Z:\Downloads>go run main.go
Standard Go Wall Time:
Time: 1528311859729190500 (0s elapsed)
Time: 1528311859730189900 (999.4µs elapsed)
Time: 1528311859731189100 (999.2µs elapsed)
Time: 1528311859731189100 (0s elapsed)
Time: 1528311859732188800 (999.7µs elapsed)
Iterations: 2000000
Zeroes: 1999905
Min nonzero: 992.3µs
Max: 3.0101ms
Mean: 50ns
Elapsed: 106.9972ms
QueryPerformanceCounter/Frequency:
QueryPerformanceFrequency: 10000000
QueryPerformanceCounter: 339554402978 (600ns elapsed)
QueryPerformanceCounter: 339554407755 (477.7µs elapsed)
QueryPerformanceCounter: 339554412550 (479.5µs elapsed)
QueryPerformanceCounter: 339554417207 (465.7µs elapsed)
QueryPerformanceCounter: 339554433863 (1.6656ms elapsed)
Iterations: 2000000
Zeroes: 0
Min nonzero: 200ns
Max: 1.8156ms
Mean: 280ns
Elapsed: 563.9931ms
GetSystemTimePreciseAsFileTime:
SystemTimePrecise: 1528311860403546400 (400ns elapsed)
SystemTimePrecise: 1528311860403993800 (447.4µs elapsed)
SystemTimePrecise: 1528311860404456200 (462.4µs elapsed)
SystemTimePrecise: 1528311860404916300 (460.1µs elapsed)
SystemTimePrecise: 1528311860405355300 (439µs elapsed)
Iterations: 2000000
Zeroes: 0
Min nonzero: 100ns
Max: 6.5248ms
Mean: 241ns
Elapsed: 485.9941ms
Please give irtt a try on Windows again in your environment as I just integrated support for QueryPerformanceCounter and GetSystemTimePreciseAsFileTime. I'll be glad to hear if it works on a low RTT network with 64-bit Windows, but the results are looking much better for be now (see below). Thanks!

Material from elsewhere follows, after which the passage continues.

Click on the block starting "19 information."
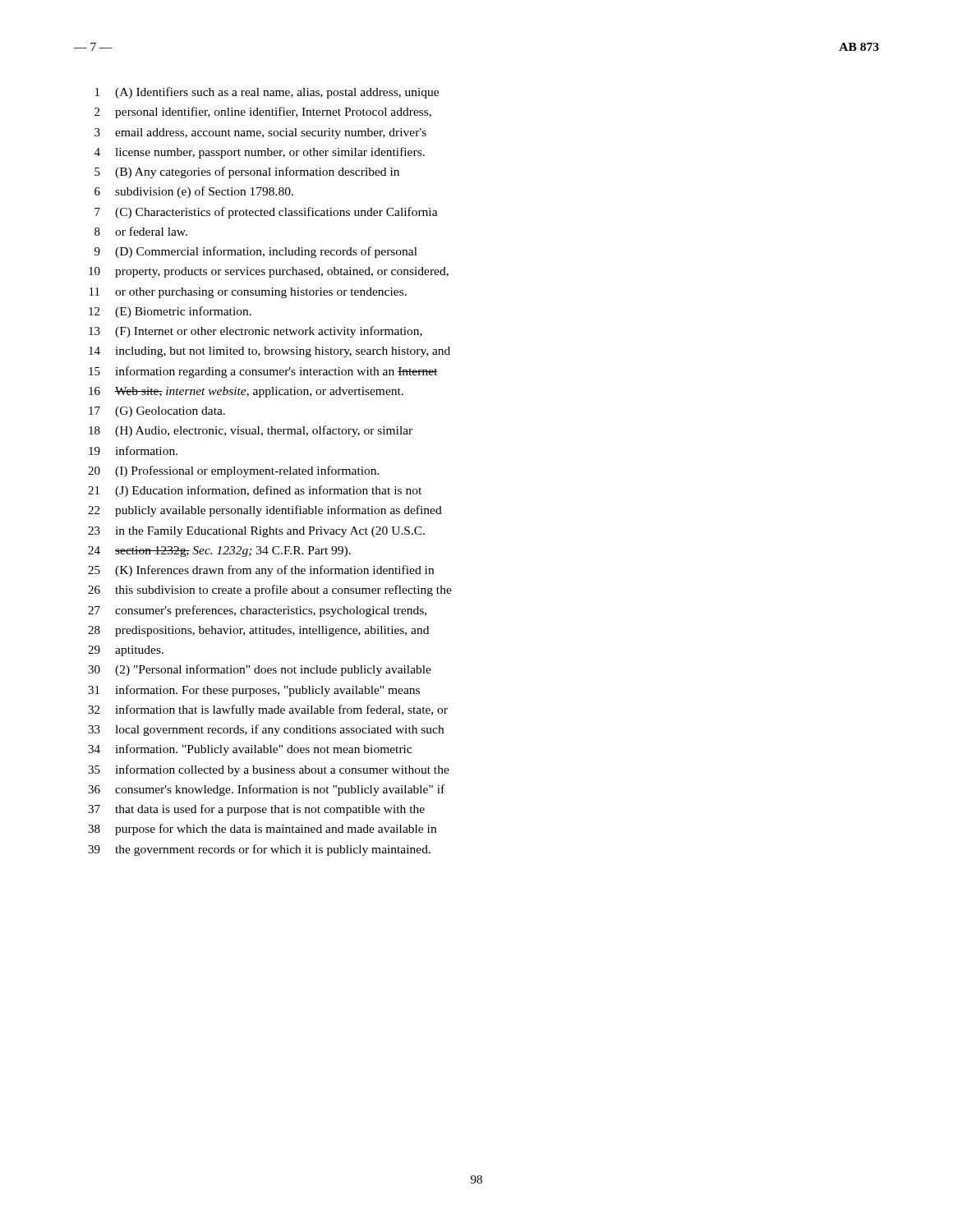 (133, 451)
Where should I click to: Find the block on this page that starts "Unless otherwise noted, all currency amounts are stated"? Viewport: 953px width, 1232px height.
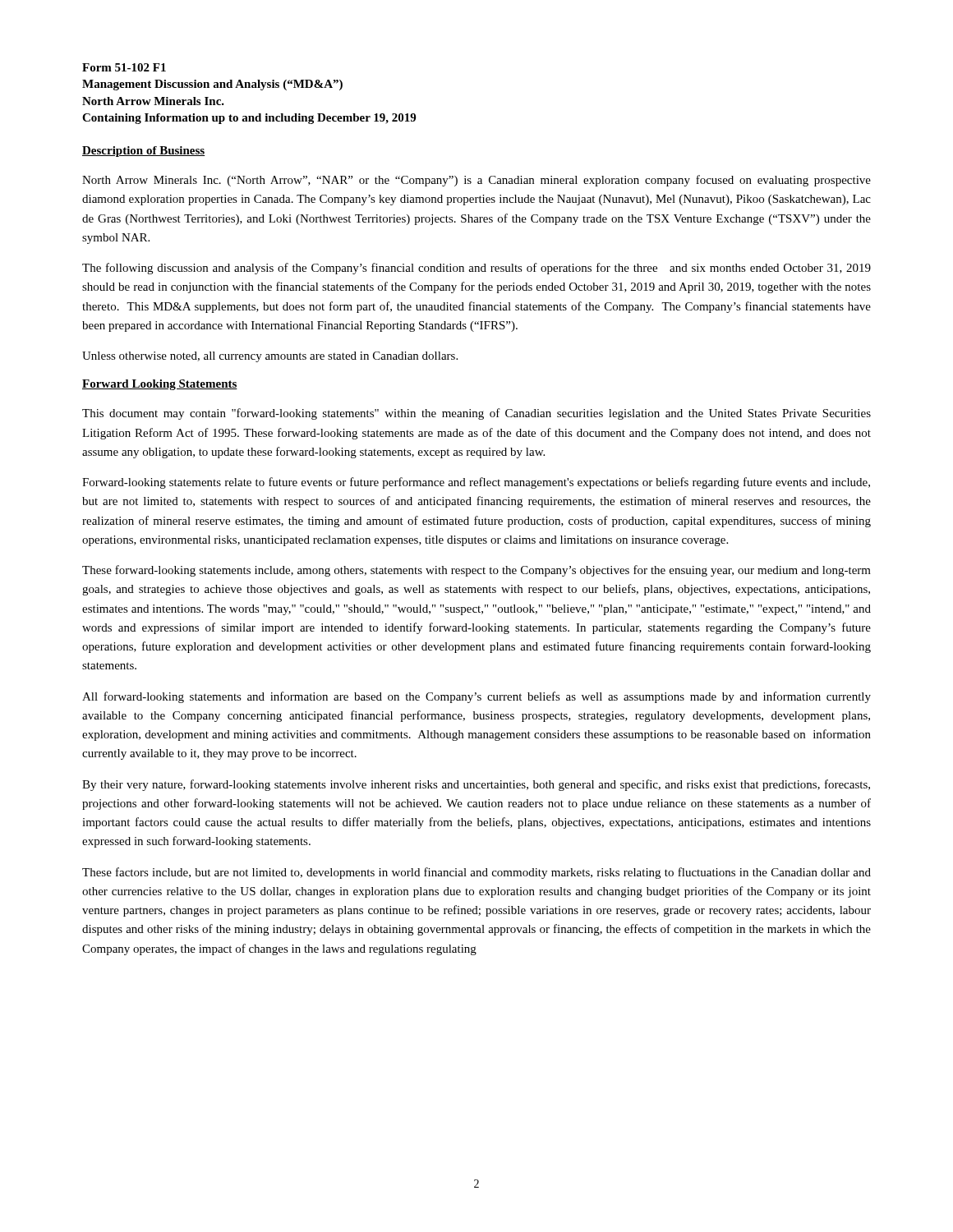[x=270, y=356]

Z:\Downloads>irtt client -i 10ms -d 1s -q localhost
[Connecting] connecting to localhost
[127.0.0.1:2112] [Connected] connection established
Min Mean Median Max Stddev
--- ---- ------ --- ------
RTT 84µs 138µs 116µs 223µs 46.6µs
send delay 41.4µs 81µs 63.2µs 150µs 35.7µs
receive delay 42.1µs 56.7µs 54.9µs 95.7µs 11.7µs
IPDV (jitter) 0s 35.5µs 15.5µs 114µs 36.9µs
send IPDV 0s 27.6µs 11.9µs 97.9µs 29.4µs
receive IPDV 0s 9.72µs 7.9µs 31.9µs 8.23µs
send call time 96.8µs 158µs 256µs 52.7µs
timer error 201µs 475µs 2.09ms 266µs
server proc. time 3.9µs 7.27µs 31.9µs 3.85µs
duration: 989.9ms (wait 0s)
packets sent/received: 100/100 (0.00% loss)
server packets received: 100/100 (0.00%/0.00% loss up/down)
bytes sent/received: 6000/6000
send/receive rate: 48.5 Kbps / 48.5 Kbps
packet length: 60 bytes
timer stats: 0/100 (0.00%) missed, 4.75% error
I also tested this on a physical box with 64-bit Windows and the results look good. Note that it's possible to see a 0 IPDV value because the resolution is 100ns when it's 1ns on Linux, for example, but that's not a significant problem.
The Windows client can show round-trip times that are zero or even negative, regardless of whether the wall or monotonic clock values are used (tested on VMWare Win 10 32-bit, Go 1.10.2).